OK, after semi-exhaustive searching around your site, I have to ask this nagging question. How the heck do computers work? I know, this sounds like a simple question. But I find it hard to fathom millions upon millions of 1's and 0's floating around my processor every second that it's turned on. How can a bunch of electrical currents run a highly complex game such as Quake2? I can't comprehend it. Please, make me understand!

Josh Eikenberry

Karl replies:

It’s like this. Nobody knows. No one body that is. Except maybe Cecil. It’s all a matter of what we in the biz like to call "layers of abstraction."

Here’s how it works. Somebody builds a machine. A machine that can be programmed–that is, that can perform a series of simple steps, remember the results, make yes/no decisions based on some external stimulus, perform or not perform steps based on the results of the yes/no decisions, and skip either forward or backwards in the sequence of steps and keep going from that new spot. Once somebody built a machine that could do all that, somebody else came along and programmed it to behave like a similar, but more complex machine. The process repeats until what you see on your desk is a machine that’s good for nothing but displaying the guts of the bad guys spattered all over a virtual wall.

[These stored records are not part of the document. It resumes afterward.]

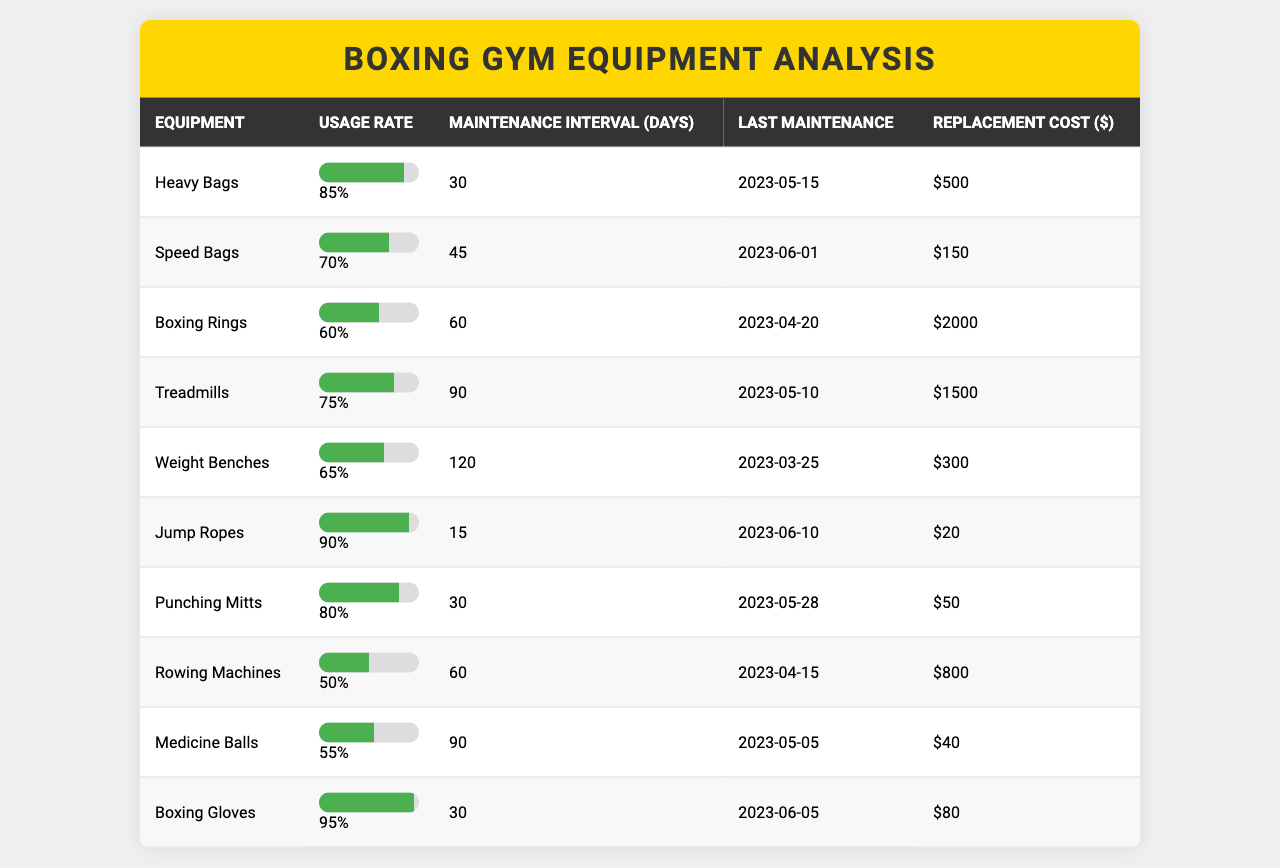What is the usage rate of Punching Mitts? The table shows that the usage rate for Punching Mitts is listed under the Usage Rate column corresponding to their row, which is 80%.
Answer: 80% Which equipment has the highest usage rate? By comparing the Usage Rate column values, Heavy Bags have the highest usage rate at 85%.
Answer: Heavy Bags What is the maintenance interval for Rowing Machines? The table provides a specific maintenance interval of 60 days for Rowing Machines, as indicated in the Maintenance Interval column.
Answer: 60 days When was the last maintenance for Weight Benches? The Last Maintenance column shows that Weight Benches had their last maintenance on 2023-03-25.
Answer: 2023-03-25 How many days do Jump Ropes need between maintenance? According to the Maintenance Interval column, Jump Ropes require maintenance every 15 days.
Answer: 15 days Is the replacement cost for Speed Bags less than $200? By checking the Replacement Cost column, we see that Speed Bags cost $150, which is indeed less than $200.
Answer: Yes What is the average usage rate of all equipment? To get the average, sum all the usage rates (85 + 70 + 60 + 75 + 65 + 90 + 80 + 50 + 55 + 95 = 825) and divide by the number of equipment (10), yielding an average of 82.5.
Answer: 82.5 How do the replacement costs correlate with the usage rates? Analyze the relationship by comparing the Replacement Cost and Usage Rate columns; for example, Punching Mitts have an 80% usage rate and a replacement cost of $50. Generally, higher usage rates tend to have lower replacement costs and vice versa, indicating a potential strategy to invest in more frequently used equipment.
Answer: Variable correlation observed Which equipment requires the most frequent maintenance and what is that interval? By inspecting the Maintenance Interval column, Jump Ropes require maintenance every 15 days, making them the most frequently maintained equipment.
Answer: Jump Ropes, 15 days From the last maintenance dates, which equipment had the latest service? Looking at the Last Maintenance column, the latest service was for Jump Ropes on 2023-06-10.
Answer: Jump Ropes, 2023-06-10

Still don’t get it? I don’t blame you. What you really need to know is how the bottom layer, the hardware, works. You can just imagine the rest–tireless programmers slaving in windowless rooms, producing programming languages that other programmers will use to write better programming languages until finally the ultimate programming tool is produced: MicroSoft Excel. (Which, of course, is then used to write Quake2.)

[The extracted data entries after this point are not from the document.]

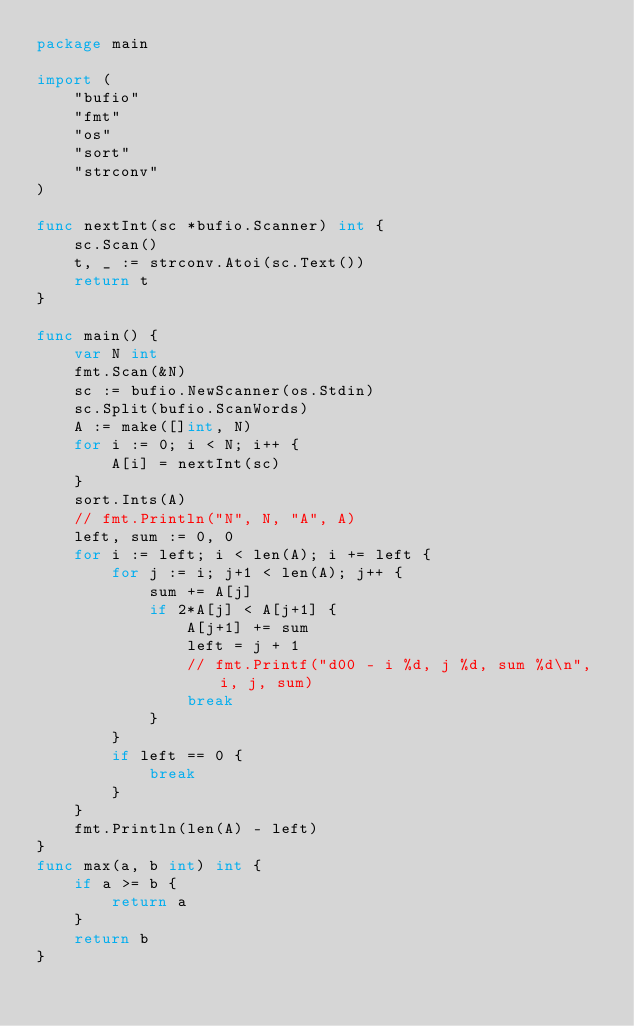Convert code to text. <code><loc_0><loc_0><loc_500><loc_500><_Go_>package main

import (
	"bufio"
	"fmt"
	"os"
	"sort"
	"strconv"
)

func nextInt(sc *bufio.Scanner) int {
	sc.Scan()
	t, _ := strconv.Atoi(sc.Text())
	return t
}

func main() {
	var N int
	fmt.Scan(&N)
	sc := bufio.NewScanner(os.Stdin)
	sc.Split(bufio.ScanWords)
	A := make([]int, N)
	for i := 0; i < N; i++ {
		A[i] = nextInt(sc)
	}
	sort.Ints(A)
	// fmt.Println("N", N, "A", A)
	left, sum := 0, 0
	for i := left; i < len(A); i += left {
		for j := i; j+1 < len(A); j++ {
			sum += A[j]
			if 2*A[j] < A[j+1] {
				A[j+1] += sum
				left = j + 1
				// fmt.Printf("d00 - i %d, j %d, sum %d\n", i, j, sum)
				break
			}
		}
		if left == 0 {
			break
		}
	}
	fmt.Println(len(A) - left)
}
func max(a, b int) int {
	if a >= b {
		return a
	}
	return b
}
</code>

At the bottom are the electronics. Basically transistors. Lots of ’em. A transistor is a little doodad that has three wires coming out of it. The collector, the emitter, and the base. Apply the appropriate voltage to the base, and current will flow from the collector to the emitter. Withdraw the voltage, and the flow stops. So a transistor can be thought of as a little switch.

Next, you connect transistors together to make what are called logic gates. These gates have a power wire, which we can ignore; one or more input wires that carry signals; and an output wire that sends out a result. The signals that come in and go out of the gates are either "yes," there is a voltage on the wire, or "no," there is no voltage. These voltages or lack thereof are the ones and zeros floating around in there. Each wire carries 1 bit, either a 1 or a 0.

Let’s construct a simple logic gate from a transistor–a NOT gate, which has one input and one output. A NOT gate is sometimes called an inverter, because when a 1 comes in, a 0 goes out, and when a 0 goes in, a 1 comes out. This is the operation logicians call "not," hence the name. To make a NOT gate, take a single transistor. Connect the base to the "in" wire, the collector to the "out" wire, and the emitter to ground. (Ground is a wire with zero voltage that sucks up all the electrons you can put into it, and so stays at zero volts.) Here it is, it’s hard to make sense of it without a drawing:




|———o out


in o—–Base






Figure 1: Constructing a NOT gate from a transistor

Now, watch what happens when we apply a voltage to "in." (The whole thing burns up because we’ve short-circuited power directly to ground without any resistors in between. But we won’t talk about that.) The transistor is turned on, and all the power passes through the transistor to ground. The "out" is left at zero volts. So, when a 1 comes in, a 0 goes out. Contrary-wise, with no voltage on the "in," the transistor is turned off, and there is power on the "out." When a 0 comes in, a 1 goes out.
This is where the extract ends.